Top of MATERIAL SUPPLIED

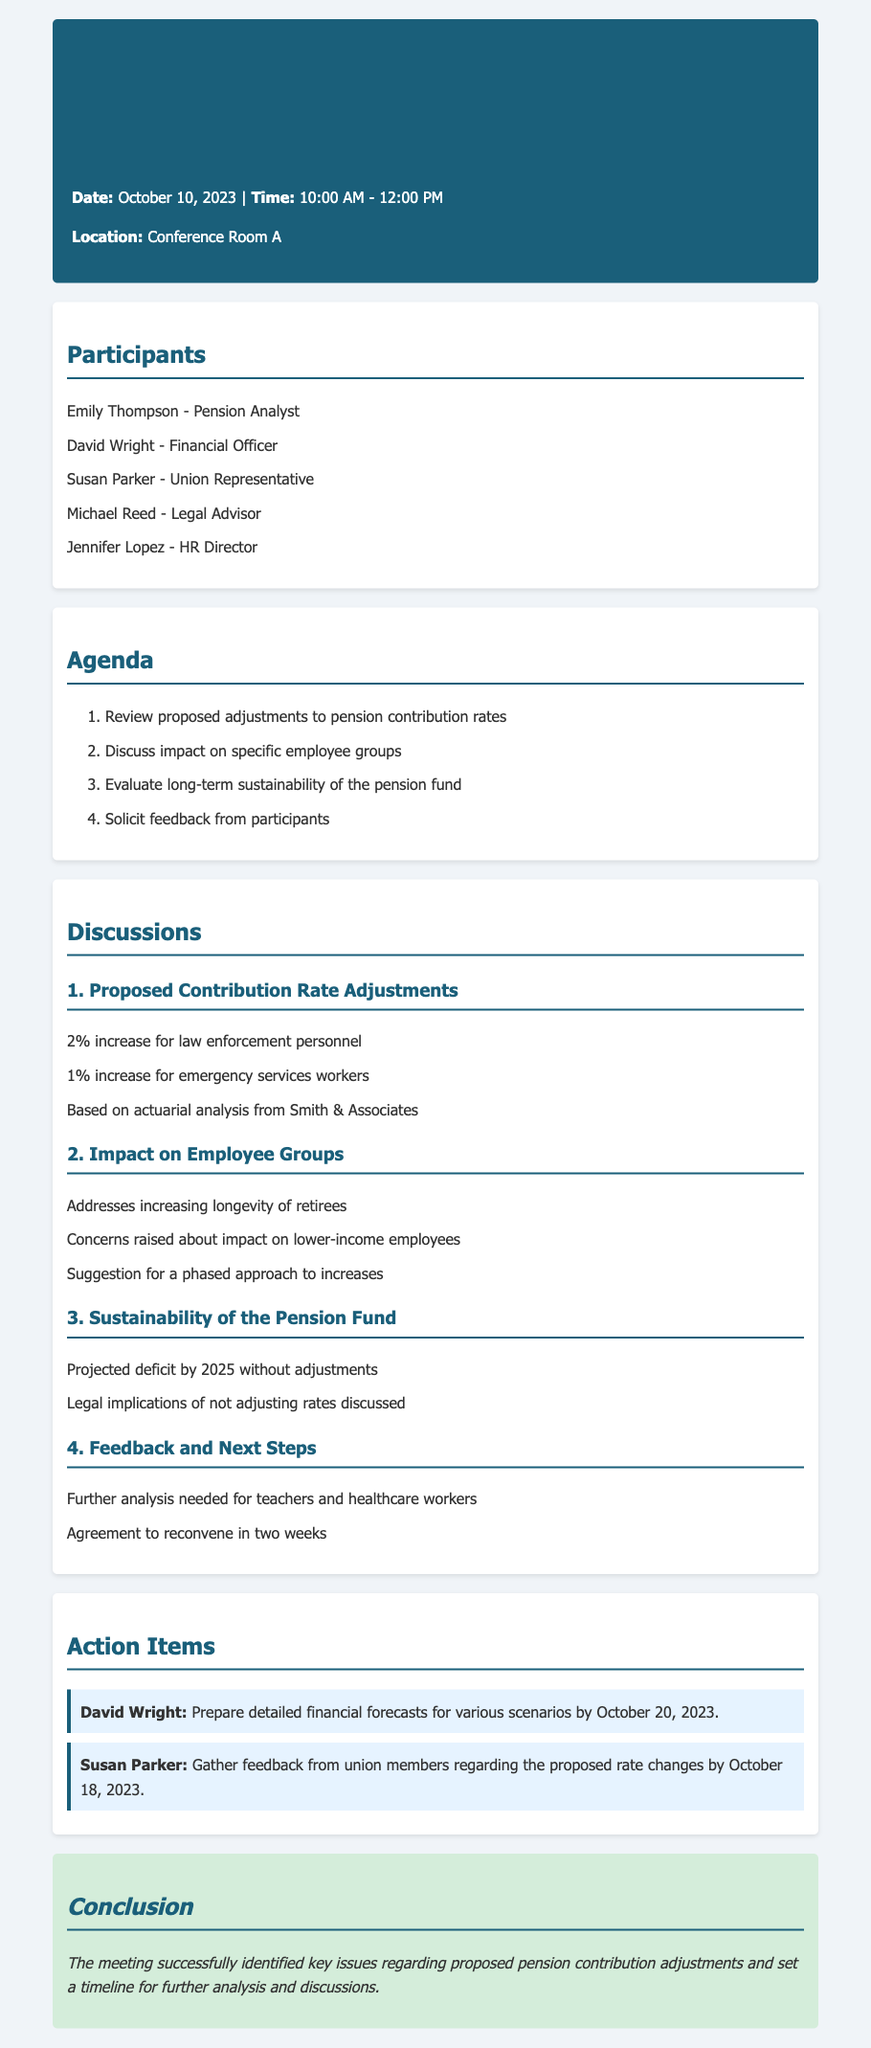what is the date of the meeting? The date of the meeting is mentioned at the beginning of the document.
Answer: October 10, 2023 who is the Pension Analyst present in the meeting? The participants section lists Emily Thompson as the Pension Analyst.
Answer: Emily Thompson what percentage increase is proposed for law enforcement personnel? The proposed adjustments for specific employee groups are detailed in the discussions section.
Answer: 2% what is the concern raised regarding lower-income employees? The impact on lower-income employees is discussed under the impact on employee groups.
Answer: Concerns raised about impact on lower-income employees by what date should David Wright prepare financial forecasts? The action items outline the responsibilities and deadlines assigned to participants.
Answer: October 20, 2023 what is the projected deficit year cited in the sustainability discussion? The sustainability section mentions a specific year for the projected deficit.
Answer: 2025 how many participants were listed in the meeting? The participants section contains a list, and we can count the number of names.
Answer: 5 what is the next meeting date mentioned in the discussion? The feedback and next steps section provides a timeline for the next meeting.
Answer: In two weeks

Bottom of MATERIAL SUPPLIED

AIM OF THE EXERCISE => Copy all lines of the records that have the string "raised" in them.

SOLVED PROBLEM =>
Answer: 2% what is the concern raised regarding lower-income employees? The impact on lower-income employees is discussed under the impact on employee groups.
Answer: Concerns raised about impact on lower-income employees by what date should David Wright prepare financial forecasts? The action items outline the responsibilities and deadlines assigned to participants.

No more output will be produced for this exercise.